Metrics are cumulative and are growing constantly. Instead of looking at pure values much more interesting is observing how the values are changing over time and trying to discover some patterns or trends. For instance, if the metric suddenly starts to surge it can indicate that the BigSQL is under a heavy workload.
Also, it could be interesting to use the metrics for prediction, for instance, that there is a risk of delays or prolonged response if an adequate pattern is found.
Solution
I developed a simple solution, it can be downloaded here.
The purpose of the tool is to retain historical data and to get easy access to the difference between consecutive metric values for analysis.
The solution contains the following elements:

  • Database schema to keep historical data. The metrics are pivoted, instead of a single row of metrics it breaks down the row into a series of records: metric id/value
  • The supporting view providing a difference between consecutive metric values instead of the pure value.
  • Several stored procedures to harvest and extract collected metrics.
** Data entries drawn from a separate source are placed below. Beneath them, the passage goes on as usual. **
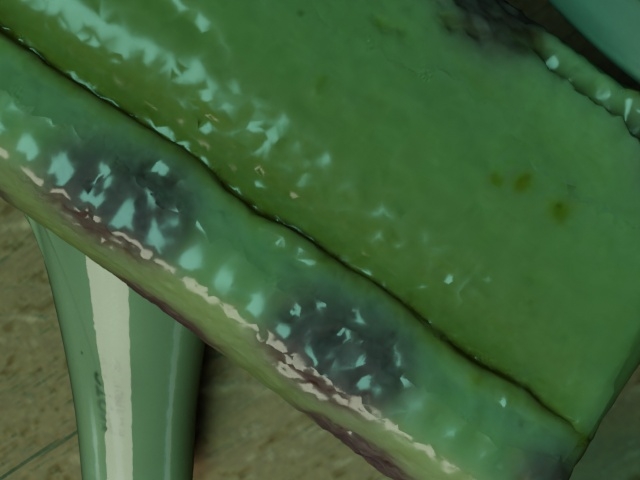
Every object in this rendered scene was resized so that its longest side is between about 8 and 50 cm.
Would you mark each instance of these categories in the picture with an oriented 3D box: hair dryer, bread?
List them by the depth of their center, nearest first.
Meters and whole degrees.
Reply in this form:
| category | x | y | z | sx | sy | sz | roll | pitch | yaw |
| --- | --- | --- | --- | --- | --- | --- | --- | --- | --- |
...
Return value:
| category | x | y | z | sx | sy | sz | roll | pitch | yaw |
| --- | --- | --- | --- | --- | --- | --- | --- | --- | --- |
| bread | -0.019 | -0.049 | 0.718 | 0.338 | 0.155 | 0.187 | 35 | 85 | -8 |
| hair dryer | -0.031 | 0.023 | 0.877 | 0.298 | 0.119 | 0.296 | 24 | 116 | 2 |

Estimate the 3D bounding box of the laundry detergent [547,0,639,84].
| category | x | y | z | sx | sy | sz | roll | pitch | yaw |
| --- | --- | --- | --- | --- | --- | --- | --- | --- | --- |
| laundry detergent | 0.128 | -0.201 | 0.701 | 0.398 | 0.124 | 0.264 | 32 | 114 | 34 |
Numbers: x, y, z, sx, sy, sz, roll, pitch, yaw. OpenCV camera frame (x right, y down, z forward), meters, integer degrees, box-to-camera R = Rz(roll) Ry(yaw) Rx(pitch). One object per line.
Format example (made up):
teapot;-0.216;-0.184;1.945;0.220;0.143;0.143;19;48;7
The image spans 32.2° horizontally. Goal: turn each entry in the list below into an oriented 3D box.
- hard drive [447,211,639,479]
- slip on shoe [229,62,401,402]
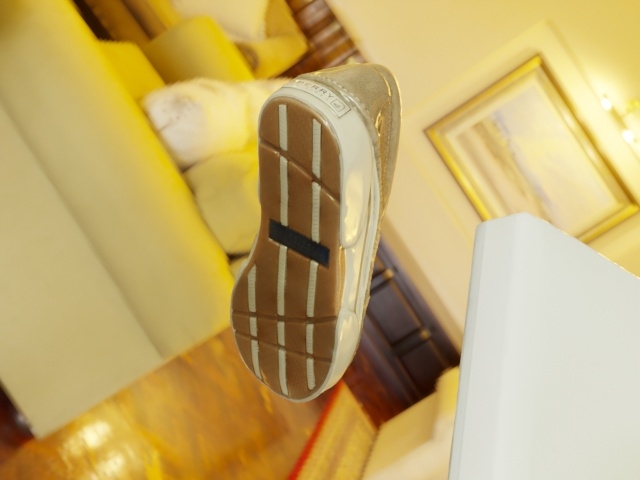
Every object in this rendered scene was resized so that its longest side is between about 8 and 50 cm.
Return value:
hard drive;0.154;0.190;0.612;0.233;0.047;0.353;27;63;-35
slip on shoe;0.000;0.000;0.379;0.051;0.041;0.135;27;-46;26
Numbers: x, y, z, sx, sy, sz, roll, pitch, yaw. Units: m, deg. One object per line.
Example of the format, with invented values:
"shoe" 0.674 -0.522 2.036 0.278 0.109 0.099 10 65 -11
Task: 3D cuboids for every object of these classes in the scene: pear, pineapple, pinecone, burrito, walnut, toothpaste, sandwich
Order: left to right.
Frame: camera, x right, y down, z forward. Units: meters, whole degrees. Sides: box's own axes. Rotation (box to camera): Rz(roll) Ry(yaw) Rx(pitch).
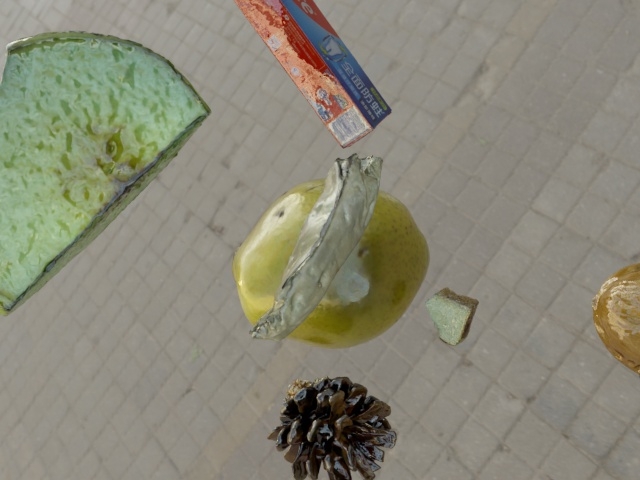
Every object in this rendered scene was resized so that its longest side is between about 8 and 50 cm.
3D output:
"pear" -0.262 -0.078 0.736 0.292 0.159 0.292 -45 8 8
"toothpaste" -0.027 -0.280 1.016 0.066 0.320 0.076 -29 13 38
"pineapple" -0.012 0.323 1.512 0.114 0.077 0.114 -45 39 22
"burrito" 0.001 0.001 0.726 0.058 0.063 0.229 18 68 38
"pinecone" 0.024 0.344 1.302 0.201 0.229 0.202 29 61 31
"pear" 0.029 0.056 1.410 0.386 0.340 0.191 -25 13 -7
"sandwich" 0.240 0.143 1.370 0.093 0.036 0.105 21 119 25
"walnut" 0.475 0.111 0.969 0.211 0.087 0.167 13 89 7
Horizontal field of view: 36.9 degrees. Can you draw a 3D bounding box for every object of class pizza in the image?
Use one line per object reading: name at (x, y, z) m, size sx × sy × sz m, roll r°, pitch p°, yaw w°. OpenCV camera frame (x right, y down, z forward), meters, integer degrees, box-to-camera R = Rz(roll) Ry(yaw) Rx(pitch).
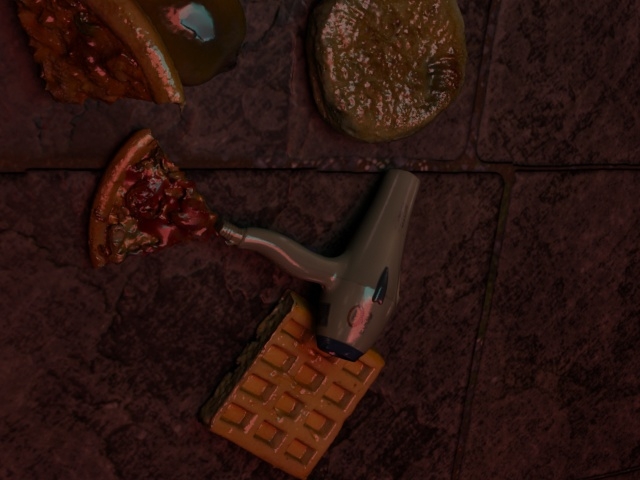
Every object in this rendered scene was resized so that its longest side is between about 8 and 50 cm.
pizza at (-0.286, -0.232, 1.127) m, size 0.292 × 0.197 × 0.058 m, roll 44°, pitch 41°, yaw -2°
pizza at (-0.210, -0.047, 1.294) m, size 0.193 × 0.053 × 0.200 m, roll 7°, pitch 104°, yaw -31°

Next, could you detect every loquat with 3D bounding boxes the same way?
loquat at (-0.179, -0.276, 1.178) m, size 0.195 × 0.152 × 0.152 m, roll 38°, pitch 87°, yaw -26°

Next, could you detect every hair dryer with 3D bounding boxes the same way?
hair dryer at (0.034, -0.013, 1.412) m, size 0.298 × 0.119 × 0.296 m, roll 49°, pitch 67°, yaw -21°

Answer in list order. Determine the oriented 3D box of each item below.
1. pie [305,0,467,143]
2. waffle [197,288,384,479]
pie at (0.095, -0.274, 1.378) m, size 0.277 × 0.078 × 0.276 m, roll -7°, pitch 106°, yaw -27°
waffle at (-0.038, 0.230, 1.492) m, size 0.221 × 0.055 × 0.247 m, roll 36°, pitch 87°, yaw -33°
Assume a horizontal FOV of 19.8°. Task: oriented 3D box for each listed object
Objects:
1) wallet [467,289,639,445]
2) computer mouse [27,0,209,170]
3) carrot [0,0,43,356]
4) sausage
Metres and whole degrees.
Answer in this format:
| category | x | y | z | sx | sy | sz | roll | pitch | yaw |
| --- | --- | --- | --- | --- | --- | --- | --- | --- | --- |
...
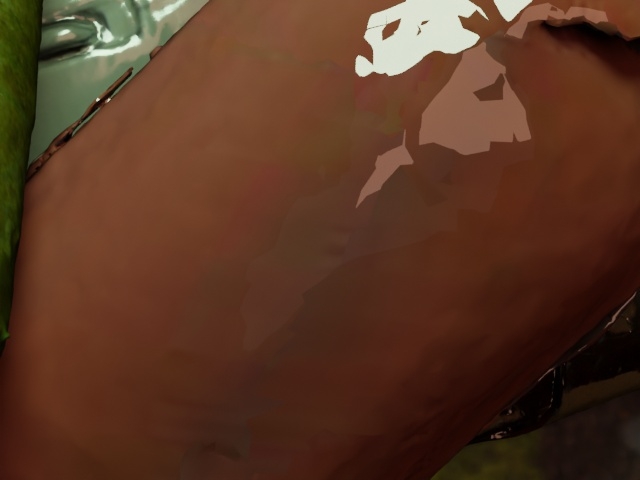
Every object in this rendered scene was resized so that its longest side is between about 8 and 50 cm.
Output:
| category | x | y | z | sx | sy | sz | roll | pitch | yaw |
| --- | --- | --- | --- | --- | --- | --- | --- | --- | --- |
| wallet | 0.092 | -0.002 | 0.659 | 0.232 | 0.031 | 0.122 | -18 | 87 | -22 |
| computer mouse | -0.050 | -0.073 | 0.607 | 0.181 | 0.056 | 0.089 | -17 | 81 | -22 |
| carrot | -0.110 | -0.032 | 0.487 | 0.074 | 0.074 | 0.359 | 12 | 47 | -19 |
| sausage | 0.000 | 0.000 | 0.535 | 0.279 | 0.152 | 0.152 | -42 | 97 | 2 |
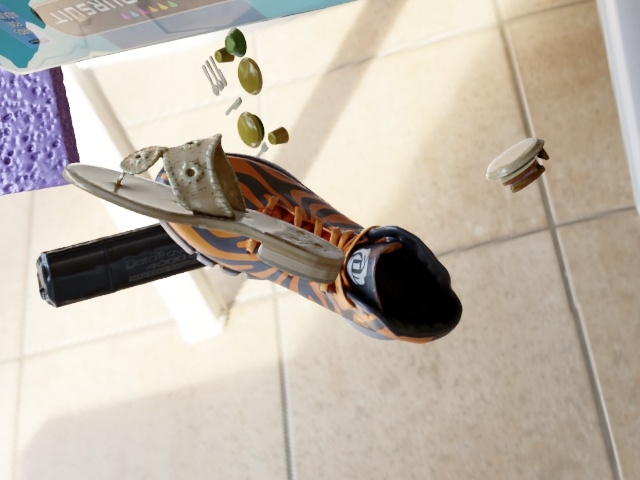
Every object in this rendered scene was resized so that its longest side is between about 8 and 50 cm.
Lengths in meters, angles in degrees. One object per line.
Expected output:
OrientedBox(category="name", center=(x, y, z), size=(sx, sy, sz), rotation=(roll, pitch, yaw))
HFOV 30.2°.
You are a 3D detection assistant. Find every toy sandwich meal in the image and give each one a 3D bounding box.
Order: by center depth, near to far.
OrientedBox(category="toy sandwich meal", center=(0.226, -0.085, 1.344), size=(0.086, 0.029, 0.085), rotation=(-34, 13, 9))

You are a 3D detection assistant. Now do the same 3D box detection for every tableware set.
OrientedBox(category="tableware set", center=(-0.087, -0.181, 1.464), size=(0.024, 0.104, 0.154), rotation=(-22, 80, -36))

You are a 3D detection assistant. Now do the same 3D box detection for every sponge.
OrientedBox(category="sponge", center=(-0.344, -0.159, 1.347), size=(0.117, 0.031, 0.210), rotation=(-9, 93, 20))

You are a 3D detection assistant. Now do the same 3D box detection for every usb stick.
OrientedBox(category="usb stick", center=(-0.193, 0.013, 1.381), size=(0.278, 0.077, 0.045), rotation=(-15, 39, -20))

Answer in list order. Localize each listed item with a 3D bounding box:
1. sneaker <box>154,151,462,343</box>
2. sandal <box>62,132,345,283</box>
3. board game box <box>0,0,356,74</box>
OrientedBox(category="sneaker", center=(0.000, 0.000, 1.120), size=(0.321, 0.180, 0.124), rotation=(24, 83, -14))
OrientedBox(category="sandal", center=(-0.084, -0.047, 0.970), size=(0.240, 0.088, 0.079), rotation=(22, 106, -1))
OrientedBox(category="board game box", center=(-0.039, -0.214, 0.511), size=(0.336, 0.079, 0.253), rotation=(2, 68, 50))

  • Two methods of metrics collecting are available: as Linux crontab job or as DB2 scheduled task.
Simple analysis
I also developed a simple tool for heavy workload prediction. Although in DB2 there are several hundred different metrics, only subset of them seems to be related to workload specific for BigSQL. The idea is to nail down a period of normal workload and to monitor the current period. If the average of several metrics being observed exceeds significantly the average of the normal period, the alarm is raised that heavy workload is underway.
But during my testing, the solution does not seem to be usable. More tuning is necessary or a different approach should be built which has teeth.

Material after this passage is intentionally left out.